Let’s start simulating two variables X and Y where Y is correlated to X:

# set seed for reproducibility
set.seed(67)

# Simulate predictor
n <- 100
X <- rnorm(n = n, mean = 50, sd = 10)

# Generate response with the chosen intercept (alpha) and slope (beta)
alpha <- 20
beta <- 0.5
Y <- alpha + beta * X + rnorm(n, mean = 0, sd = 10)

# Combine into data frame
sim.dat <- data.frame(X, Y)

# Fit linear model with lm() function for comparison
summary(lm(Y ~ X, data = sim.dat))

Now we can fit the same model using because. We need to specify the structural equations (in this case only one) using R’s formula syntax and then call because() passing the equation and the data frame:

# Define the equations
equations <- list(Y ~ X)

# Fit the model
fit <- because(
  equations = equations,
  data = sim.dat
)

# View results
summary(fit)

To check for convergence of the MCMC chains, you can look at the Rhat values in the summary output (should be < 1.1). You can also plot the trace plots of the MCMC samples:

# Plot trace plots
plot(fit$samples)

fit$samples is an MCMC object, so you can use all coda functions to analyze and plot the MCMC samples.
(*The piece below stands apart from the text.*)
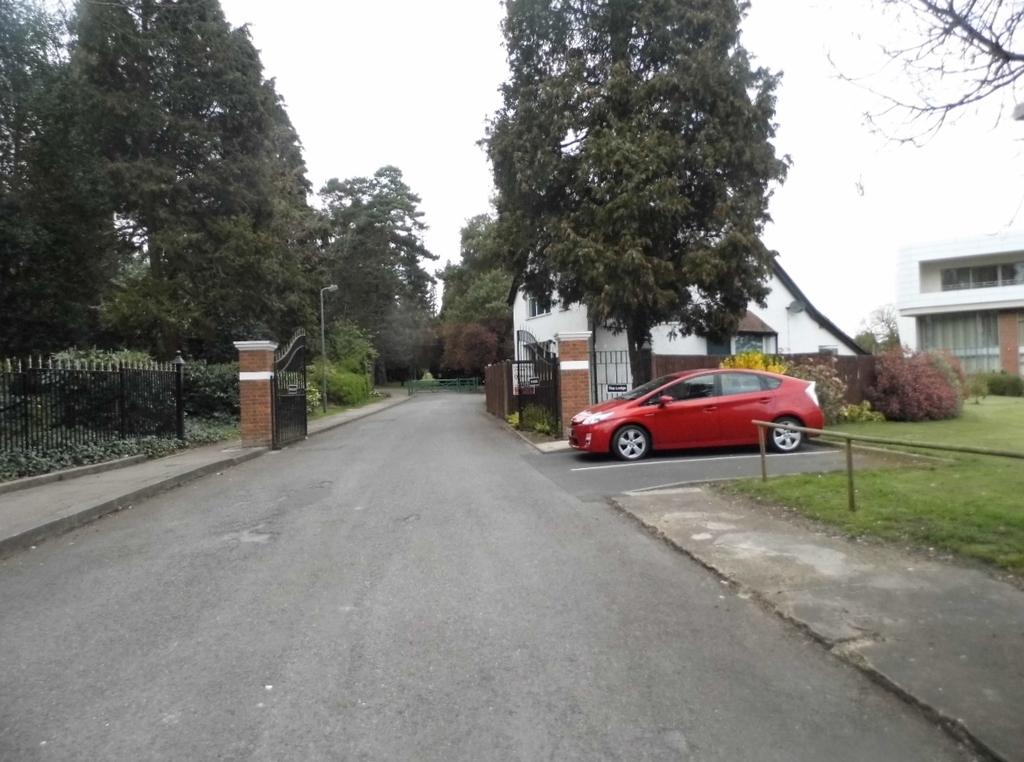What type of vehicle can be seen in the image? There is a red vehicle in the image. What natural elements are visible in the image? Trees are visible in the image. What is the color of the trees? The trees are green. What man-made structure is present in the image? There is a building in the image. What is the color of the building? The building is white. What part of the natural environment is visible in the image? The sky is visible in the image. What is the color of the sky? The sky is white. How many divisions of pears can be seen in the image? There are no pears present in the image, so it is not possible to determine the number of divisions. What type of payment is being made in the image? There is no payment being made in the image. 
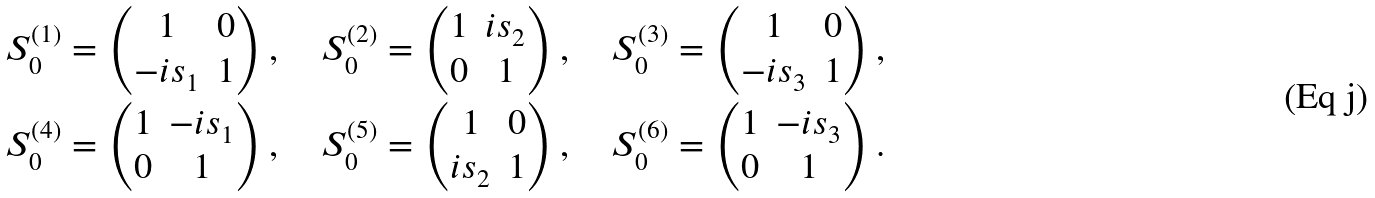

You can see how because() translates your model into JAGS syntax calling fit$model or, before fitting it, using because_model():

# Generate JAGS model code
jags_model_code <- because_model(
  equations = equations
)

cat(jags_model_code$model)

When specifing the equations you can include multiple predictors as well as factors,interaction terms and polynomial terms following the conventional R formula syntax.

Next: Causal Inference with D-Separation

One of the main features of because is the ability to test your causal model’s fit to the data using d-separation tests. D-separation tests evaluate whether the conditional independencies implied by your causal model hold in the data (Shipley, 2016). If they do not, this suggests that your model may be misspecified and that you may need to add or remove paths. More details on d-separation tests, how to interpret them and a full tutorial can be found in the Causal inference with d-separation vignette.